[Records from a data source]
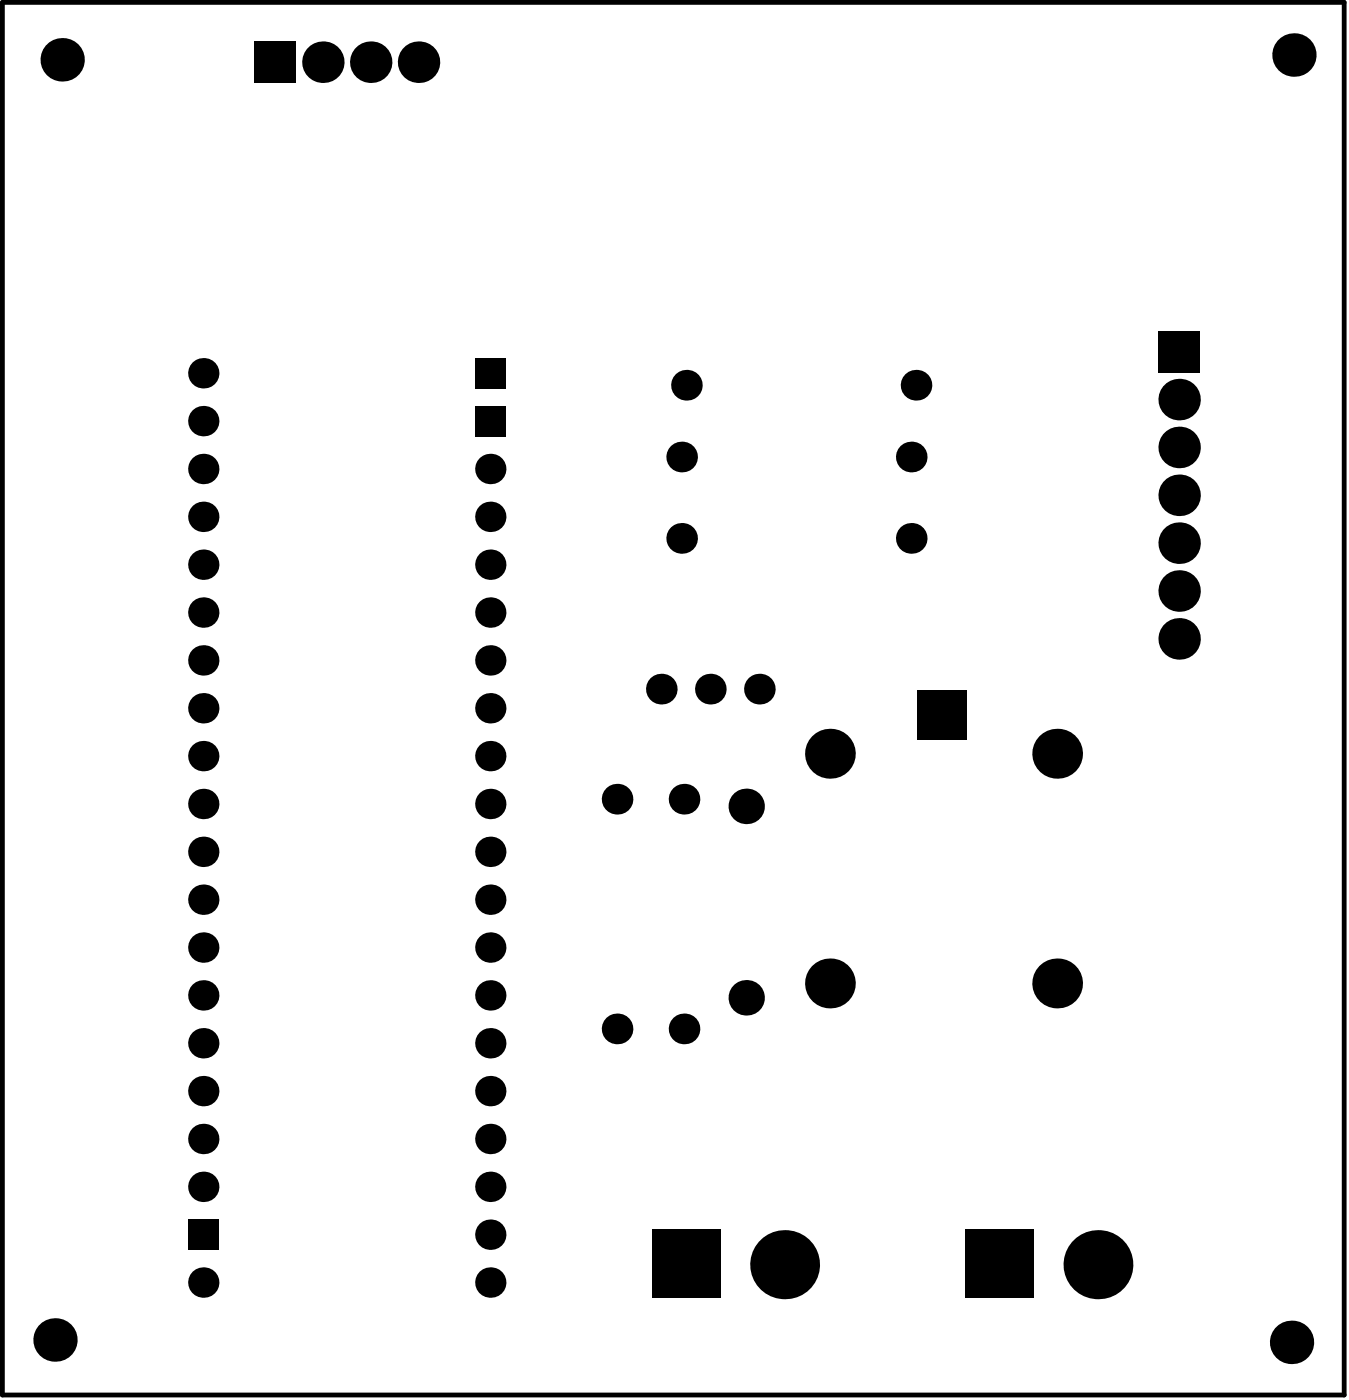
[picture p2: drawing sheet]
<svg xmlns="http://www.w3.org/2000/svg" width="238mm" height="247mm" viewBox="0 0 238 247" stroke-linecap="round" stroke-linejoin="round" font-family="sans-serif">
<path d="M.4 .4h236.9v246h-236.9z" fill="none" stroke="#000" stroke-width=".85"/>
<g fill="#000">
<circle cx="11" cy="10.6" r="3.8"/>
<circle cx="57" cy="11" r="3.7"/>
<circle cx="65.4" cy="11" r="3.7"/>
<circle cx="73.9" cy="11" r="3.7"/>
<circle cx="228.4" cy="9.7" r="3.8"/>
<circle cx="35.9" cy="74.4" r="2.68"/>
<circle cx="35.9" cy="65.9" r="2.68"/>
<circle cx="121.2" cy="68" r="2.71"/>
<circle cx="161.7" cy="68" r="2.71"/>
<circle cx="208.1" cy="70.6" r="3.7"/>
<circle cx="208.1" cy="79" r="3.7"/>
<circle cx="35.9" cy="91.3" r="2.68"/>
<circle cx="35.9" cy="82.8" r="2.68"/>
<circle cx="35.9" cy="99.7" r="2.68"/>
<circle cx="86.6" cy="91.3" r="2.68"/>
<circle cx="86.6" cy="99.7" r="2.68"/>
<circle cx="86.6" cy="82.8" r="2.68"/>
<circle cx="120.3" cy="80.7" r="2.71"/>
<circle cx="120.3" cy="95.1" r="2.71"/>
<circle cx="160.9" cy="95.1" r="2.71"/>
<circle cx="160.9" cy="80.7" r="2.71"/>
<circle cx="208.1" cy="87.5" r="3.7"/>
<circle cx="208.1" cy="95.9" r="3.7"/>
<circle cx="35.9" cy="116.7" r="2.68"/>
<circle cx="35.9" cy="108.2" r="2.68"/>
<circle cx="86.6" cy="108.2" r="2.68"/>
<circle cx="86.6" cy="116.7" r="2.68"/>
<circle cx="208.1" cy="112.9" r="3.7"/>
<circle cx="208.1" cy="104.4" r="3.7"/>
<circle cx="35.9" cy="133.6" r="2.68"/>
<circle cx="35.9" cy="125.1" r="2.68"/>
<circle cx="86.6" cy="125.1" r="2.68"/>
<circle cx="86.6" cy="133.6" r="2.68"/>
<circle cx="116.7" cy="121.7" r="2.71"/>
<circle cx="125.4" cy="121.7" r="2.71"/>
<circle cx="134" cy="121.7" r="2.71"/>
<circle cx="146.5" cy="133.1" r="4.4"/>
<circle cx="186.6" cy="133.1" r="4.4"/>
<circle cx="35.9" cy="150.5" r="2.68"/>
<circle cx="35.9" cy="142" r="2.68"/>
<circle cx="35.9" cy="158.9" r="2.68"/>
<circle cx="86.6" cy="158.9" r="2.68"/>
<circle cx="86.6" cy="150.5" r="2.68"/>
<circle cx="86.6" cy="142" r="2.68"/>
<circle cx="108.9" cy="141.2" r="2.71"/>
<circle cx="120.7" cy="141.2" r="2.71"/>
<circle cx="131.7" cy="142.4" r="3.1"/>
<circle cx="35.9" cy="175.8" r="2.68"/>
<circle cx="35.9" cy="167.4" r="2.68"/>
<circle cx="86.6" cy="175.8" r="2.68"/>
<circle cx="86.6" cy="167.4" r="2.68"/>
<circle cx="131.7" cy="176.3" r="3.1"/>
<circle cx="146.5" cy="173.7" r="4.4"/>
<circle cx="186.6" cy="173.7" r="4.4"/>
<circle cx="35.9" cy="184.3" r="2.68"/>
<circle cx="35.9" cy="192.7" r="2.68"/>
<circle cx="86.6" cy="192.7" r="2.68"/>
<circle cx="86.6" cy="184.3" r="2.68"/>
<circle cx="108.9" cy="181.7" r="2.71"/>
<circle cx="120.7" cy="181.7" r="2.71"/>
<circle cx="35.9" cy="201.2" r="2.68"/>
<circle cx="35.9" cy="209.6" r="2.68"/>
<circle cx="86.6" cy="201.2" r="2.68"/>
<circle cx="86.6" cy="218.1" r="2.68"/>
<circle cx="86.6" cy="209.6" r="2.68"/>
<circle cx="9.7" cy="236.7" r="3.8"/>
<circle cx="35.9" cy="226.6" r="2.68"/>
<circle cx="86.6" cy="226.6" r="2.68"/>
<circle cx="138.5" cy="223.4" r="6.1"/>
<circle cx="193.8" cy="223.4" r="6.1"/>
<circle cx="228" cy="237.1" r="3.8"/>
</g>
<g fill="#000">
<path d="M44.9 7.3h7.3v7.3h-7.3z" fill-rule="evenodd"/>
<path d="M204.5 58.5h7.3v7.3h-7.3z" fill-rule="evenodd"/>
<path d="M83.9 71.7h5.3v5.4h-5.3z" fill-rule="evenodd"/>
<path d="M83.9 63.3h5.3v5.3h-5.3z" fill-rule="evenodd"/>
<path d="M162 122h8.7v8.8h-8.7z" fill-rule="evenodd"/>
<path d="M33.2 215.4h5.4v5.4h-5.4z" fill-rule="evenodd"/>
<path d="M115.1 217.1h12.1v12.2h-12.1z" fill-rule="evenodd"/>
<path d="M170.4 217.1h12.2v12.2h-12.2z" fill-rule="evenodd"/>
</g>
</svg>

▸ Task
Write the records above out again exactly, with no pictures in your copy.

▸ Response area
[picture p2: drawing sheet]
<svg xmlns="http://www.w3.org/2000/svg" width="238mm" height="247mm" viewBox="0 0 238 247" stroke-linecap="round" stroke-linejoin="round" font-family="sans-serif">
<path d="M.4 .4h236.9v246h-236.9z" fill="none" stroke="#000" stroke-width=".85"/>
<g fill="#000">
<circle cx="11" cy="10.6" r="3.8"/>
<circle cx="57" cy="11" r="3.7"/>
<circle cx="65.4" cy="11" r="3.7"/>
<circle cx="73.9" cy="11" r="3.7"/>
<circle cx="228.4" cy="9.7" r="3.8"/>
<circle cx="35.9" cy="74.4" r="2.68"/>
<circle cx="35.9" cy="65.9" r="2.68"/>
<circle cx="121.2" cy="68" r="2.71"/>
<circle cx="161.7" cy="68" r="2.71"/>
<circle cx="208.1" cy="70.6" r="3.7"/>
<circle cx="208.1" cy="79" r="3.7"/>
<circle cx="35.9" cy="91.3" r="2.68"/>
<circle cx="35.9" cy="82.8" r="2.68"/>
<circle cx="35.9" cy="99.7" r="2.68"/>
<circle cx="86.6" cy="91.3" r="2.68"/>
<circle cx="86.6" cy="99.7" r="2.68"/>
<circle cx="86.6" cy="82.8" r="2.68"/>
<circle cx="120.3" cy="80.7" r="2.71"/>
<circle cx="120.3" cy="95.1" r="2.71"/>
<circle cx="160.9" cy="95.1" r="2.71"/>
<circle cx="160.9" cy="80.7" r="2.71"/>
<circle cx="208.1" cy="87.5" r="3.7"/>
<circle cx="208.1" cy="95.9" r="3.7"/>
<circle cx="35.9" cy="116.7" r="2.68"/>
<circle cx="35.9" cy="108.2" r="2.68"/>
<circle cx="86.6" cy="108.2" r="2.68"/>
<circle cx="86.6" cy="116.7" r="2.68"/>
<circle cx="208.1" cy="112.9" r="3.7"/>
<circle cx="208.1" cy="104.4" r="3.7"/>
<circle cx="35.9" cy="133.6" r="2.68"/>
<circle cx="35.9" cy="125.1" r="2.68"/>
<circle cx="86.6" cy="125.1" r="2.68"/>
<circle cx="86.6" cy="133.6" r="2.68"/>
<circle cx="116.7" cy="121.7" r="2.71"/>
<circle cx="125.4" cy="121.7" r="2.71"/>
<circle cx="134" cy="121.7" r="2.71"/>
<circle cx="146.5" cy="133.1" r="4.4"/>
<circle cx="186.6" cy="133.1" r="4.4"/>
<circle cx="35.9" cy="150.5" r="2.68"/>
<circle cx="35.9" cy="142" r="2.68"/>
<circle cx="35.9" cy="158.9" r="2.68"/>
<circle cx="86.6" cy="158.9" r="2.68"/>
<circle cx="86.6" cy="150.5" r="2.68"/>
<circle cx="86.6" cy="142" r="2.68"/>
<circle cx="108.9" cy="141.2" r="2.71"/>
<circle cx="120.7" cy="141.2" r="2.71"/>
<circle cx="131.7" cy="142.4" r="3.1"/>
<circle cx="35.9" cy="175.8" r="2.68"/>
<circle cx="35.9" cy="167.4" r="2.68"/>
<circle cx="86.6" cy="175.8" r="2.68"/>
<circle cx="86.6" cy="167.4" r="2.68"/>
<circle cx="131.7" cy="176.3" r="3.1"/>
<circle cx="146.5" cy="173.7" r="4.4"/>
<circle cx="186.6" cy="173.7" r="4.4"/>
<circle cx="35.9" cy="184.3" r="2.68"/>
<circle cx="35.9" cy="192.7" r="2.68"/>
<circle cx="86.6" cy="192.7" r="2.68"/>
<circle cx="86.6" cy="184.3" r="2.68"/>
<circle cx="108.9" cy="181.7" r="2.71"/>
<circle cx="120.7" cy="181.7" r="2.71"/>
<circle cx="35.9" cy="201.2" r="2.68"/>
<circle cx="35.9" cy="209.6" r="2.68"/>
<circle cx="86.6" cy="201.2" r="2.68"/>
<circle cx="86.6" cy="218.1" r="2.68"/>
<circle cx="86.6" cy="209.6" r="2.68"/>
<circle cx="9.7" cy="236.7" r="3.8"/>
<circle cx="35.9" cy="226.6" r="2.68"/>
<circle cx="86.6" cy="226.6" r="2.68"/>
<circle cx="138.5" cy="223.4" r="6.1"/>
<circle cx="193.8" cy="223.4" r="6.1"/>
<circle cx="228" cy="237.1" r="3.8"/>
</g>
<g fill="#000">
<path d="M44.9 7.3h7.3v7.3h-7.3z" fill-rule="evenodd"/>
<path d="M204.5 58.5h7.3v7.3h-7.3z" fill-rule="evenodd"/>
<path d="M83.9 71.7h5.3v5.4h-5.3z" fill-rule="evenodd"/>
<path d="M83.9 63.3h5.3v5.3h-5.3z" fill-rule="evenodd"/>
<path d="M162 122h8.7v8.8h-8.7z" fill-rule="evenodd"/>
<path d="M33.2 215.4h5.4v5.4h-5.4z" fill-rule="evenodd"/>
<path d="M115.1 217.1h12.1v12.2h-12.1z" fill-rule="evenodd"/>
<path d="M170.4 217.1h12.2v12.2h-12.2z" fill-rule="evenodd"/>
</g>
</svg>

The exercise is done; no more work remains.